Question

If the degree of polynomial \[p(y)\] is $a$, then the maximum number of zeros of \[p(y)\] would be:
$A)a + 1$
$B)a - 1$
$C)a$
$D)2a$

Answer 1

Hint: First, we will know what is polynomial; polynomial is the expression that will consist of the coefficients and variables.
In the polynomial, the first term poly means many and the second term nominal means terms, hence which is the many terms with variables.
An example of the polynomial is ${x^2} + x + 1$. If the degree of the polynomial is one $x + 1$ then it is called linear degree or straight line.

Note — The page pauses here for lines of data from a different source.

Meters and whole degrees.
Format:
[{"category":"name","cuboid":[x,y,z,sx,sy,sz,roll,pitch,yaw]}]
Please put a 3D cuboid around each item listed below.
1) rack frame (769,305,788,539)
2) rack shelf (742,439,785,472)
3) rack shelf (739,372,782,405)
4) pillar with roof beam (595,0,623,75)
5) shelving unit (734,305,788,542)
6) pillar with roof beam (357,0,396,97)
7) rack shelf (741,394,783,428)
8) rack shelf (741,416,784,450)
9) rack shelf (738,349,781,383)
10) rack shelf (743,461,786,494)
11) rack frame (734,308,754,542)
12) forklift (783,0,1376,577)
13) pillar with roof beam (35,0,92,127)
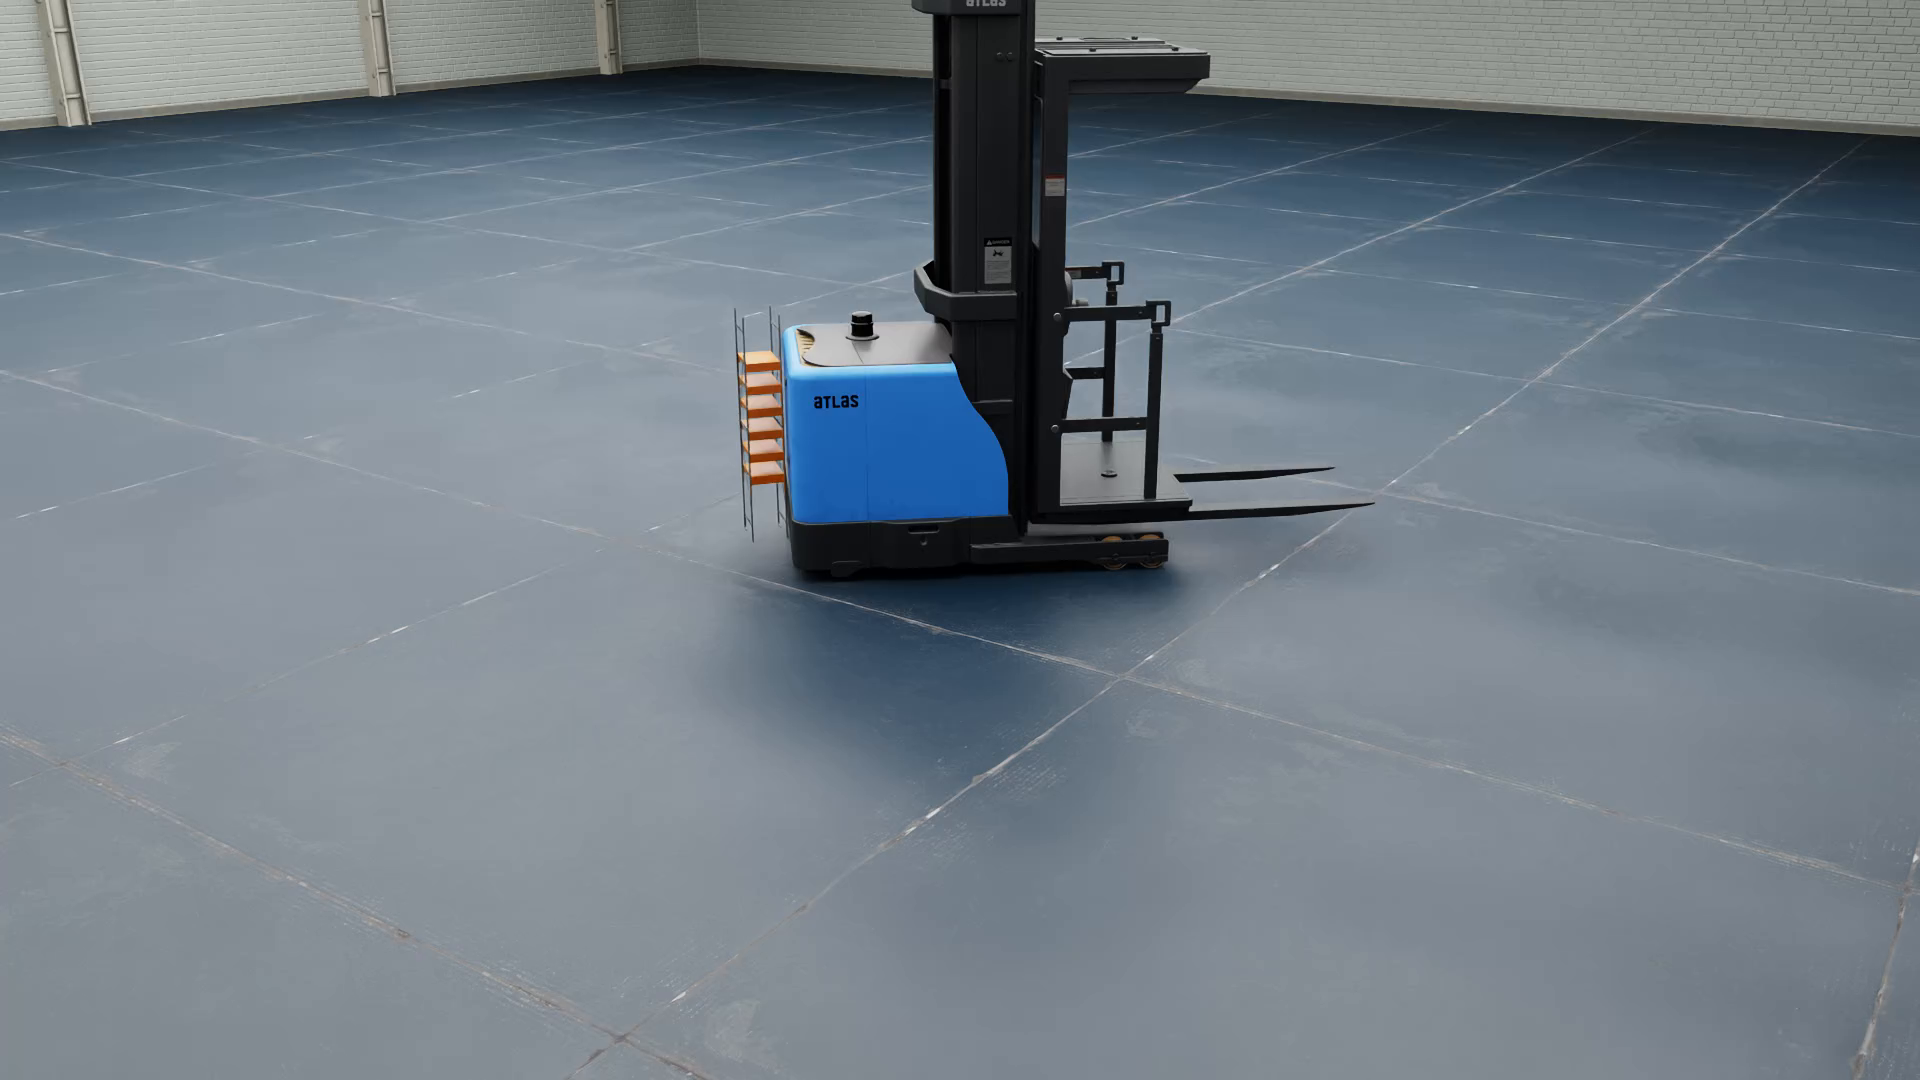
[{"category":"rack frame","cuboid":[-0.947,-0.609,8.682,0.006,1.200,0.240,-6,21,-16]},{"category":"rack shelf","cuboid":[-1.034,-0.445,8.713,0.180,0.103,0.258,-6,21,-16]},{"category":"rack shelf","cuboid":[-1.034,-0.783,8.589,0.180,0.103,0.258,-6,21,-16]},{"category":"pillar with roof beam","cuboid":[-4.047,-13.556,32.441,9.100,9.000,0.400,13,24,32]},{"category":"shelving unit","cuboid":[-1.034,-0.600,8.656,0.189,1.200,0.258,-6,21,-16]},{"category":"pillar with roof beam","cuboid":[-7.420,-11.834,27.787,9.100,9.000,0.400,13,24,32]},{"category":"rack shelf","cuboid":[-1.034,-0.670,8.630,0.180,0.103,0.258,-6,21,-16]},{"category":"rack shelf","cuboid":[-1.034,-0.558,8.672,0.180,0.103,0.258,-6,21,-16]},{"category":"rack shelf","cuboid":[-1.034,-0.896,8.547,0.180,0.103,0.258,-6,21,-16]},{"category":"rack shelf","cuboid":[-1.034,-0.333,8.755,0.180,0.103,0.258,-6,21,-16]},{"category":"rack frame","cuboid":[-1.121,-0.590,8.630,0.006,1.200,0.240,-6,21,-16]},{"category":"forklift","cuboid":[0.618,-1.404,8.335,3.031,2.935,1.130,-3,20,-7]},{"category":"pillar with roof beam","cuboid":[-10.792,-10.113,23.133,9.100,9.000,0.400,13,24,32]}]

Complete step-by-step solution:
Since from the given question that the degree of the polynomial \[p(y)\] is $a$ which means it has at the most degree $a$.
Since from the known result in the polynomial, the number of the zeros of the given polynomial is less than or equals the degree of the given polynomial. This means it cannot produce more than the values from the degree of the polynomial.
From the given that degree of the polynomial function \[p(y)\] is $a$, now we will proceed with the number of the zeros of the given polynomial \[p(y)\], it can be represented as $a, a - 1,a - 2,...,2,1,0$ (at most a, so no more than the value a and it will be decreased function is shown).
Hence these values $a,a - 1,a - 2,...,2,1,0$ are the zeros of the polynomial to the given \[p(y)\].
Now we will need to find the maximum number in the zeros of the polynomial, which is definitely $a$.
Suppose take $a - 1$ is the maximum but $a - 1$ can have a greater value which is $a$ because $a - 1 < a$.
Hence $a$is the maximum number of zeros \[p(y)\].
Therefore option $C)a$ is correct.

Note: Since $a + 1,2a$ is greater than the value $a$, but in the zeros of the polynomial, the at most value is $a$. Since a constant polynomial is the degree zero function $4$. The linear polynomial is the degree one function $x + 1$. Quadratic means degree two, cubic means degree three, quartic means degree four. These are the polynomial types with the degree increasing.